**TASK DIRECTIONS**
Exclude all pictures, then restate the entries below word for word.

--- START ---

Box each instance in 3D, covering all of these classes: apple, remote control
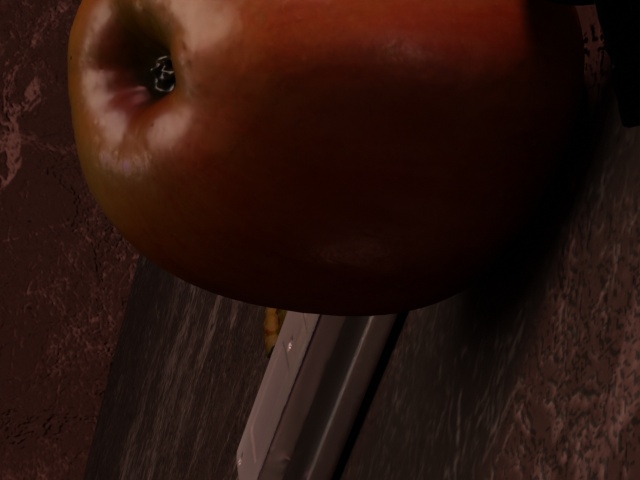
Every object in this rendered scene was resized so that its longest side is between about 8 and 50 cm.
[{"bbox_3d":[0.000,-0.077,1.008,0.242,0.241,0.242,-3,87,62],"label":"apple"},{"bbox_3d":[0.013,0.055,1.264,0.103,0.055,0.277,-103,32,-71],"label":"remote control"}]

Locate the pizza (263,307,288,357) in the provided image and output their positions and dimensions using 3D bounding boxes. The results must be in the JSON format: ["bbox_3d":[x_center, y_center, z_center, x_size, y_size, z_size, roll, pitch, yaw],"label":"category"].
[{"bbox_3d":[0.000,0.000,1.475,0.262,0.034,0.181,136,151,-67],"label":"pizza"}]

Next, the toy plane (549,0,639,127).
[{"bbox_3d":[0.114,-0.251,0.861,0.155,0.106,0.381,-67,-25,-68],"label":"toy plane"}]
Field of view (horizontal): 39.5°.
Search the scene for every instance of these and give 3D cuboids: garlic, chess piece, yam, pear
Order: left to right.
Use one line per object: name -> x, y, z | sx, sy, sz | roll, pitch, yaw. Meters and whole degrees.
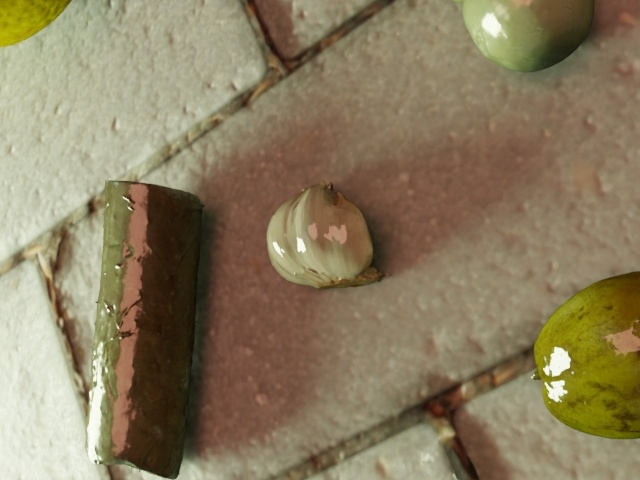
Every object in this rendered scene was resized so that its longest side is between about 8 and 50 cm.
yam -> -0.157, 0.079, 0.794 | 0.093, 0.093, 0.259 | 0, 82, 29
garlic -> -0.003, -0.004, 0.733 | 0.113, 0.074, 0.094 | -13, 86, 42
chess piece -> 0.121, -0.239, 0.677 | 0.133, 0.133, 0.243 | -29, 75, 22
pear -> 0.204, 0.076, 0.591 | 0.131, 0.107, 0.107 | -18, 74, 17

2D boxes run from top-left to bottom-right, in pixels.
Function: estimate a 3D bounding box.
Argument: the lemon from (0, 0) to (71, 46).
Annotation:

--- END ---

**TASK RESULT**
Box each instance in 3D, covering all of these classes: apple, remote control
Every object in this rendered scene was resized so that its longest side is between about 8 and 50 cm.
[{"bbox_3d":[0.000,-0.077,1.008,0.242,0.241,0.242,-3,87,62],"label":"apple"},{"bbox_3d":[0.013,0.055,1.264,0.103,0.055,0.277,-103,32,-71],"label":"remote control"}]

Locate the pizza (263,307,288,357) in the provided image and output their positions and dimensions using 3D bounding boxes. The results must be in the JSON format: ["bbox_3d":[x_center, y_center, z_center, x_size, y_size, z_size, roll, pitch, yaw],"label":"category"].
[{"bbox_3d":[0.000,0.000,1.475,0.262,0.034,0.181,136,151,-67],"label":"pizza"}]

Next, the toy plane (549,0,639,127).
[{"bbox_3d":[0.114,-0.251,0.861,0.155,0.106,0.381,-67,-25,-68],"label":"toy plane"}]
Field of view (horizontal): 39.5°.
Search the scene for every instance of these and give 3D cuboids: garlic, chess piece, yam, pear
Order: left to right.
Use one line per object: name -> x, y, z | sx, sy, sz | roll, pitch, yaw. Meters and whole degrees.
Every object in this rendered scene was resized so that its longest side is between about 8 and 50 cm.
yam -> -0.157, 0.079, 0.794 | 0.093, 0.093, 0.259 | 0, 82, 29
garlic -> -0.003, -0.004, 0.733 | 0.113, 0.074, 0.094 | -13, 86, 42
chess piece -> 0.121, -0.239, 0.677 | 0.133, 0.133, 0.243 | -29, 75, 22
pear -> 0.204, 0.076, 0.591 | 0.131, 0.107, 0.107 | -18, 74, 17

2D boxes run from top-left to bottom-right, in pixels.
Function: estimate a 3D bounding box.
Argument: the lemon from (0, 0) to (71, 46).
Annotation:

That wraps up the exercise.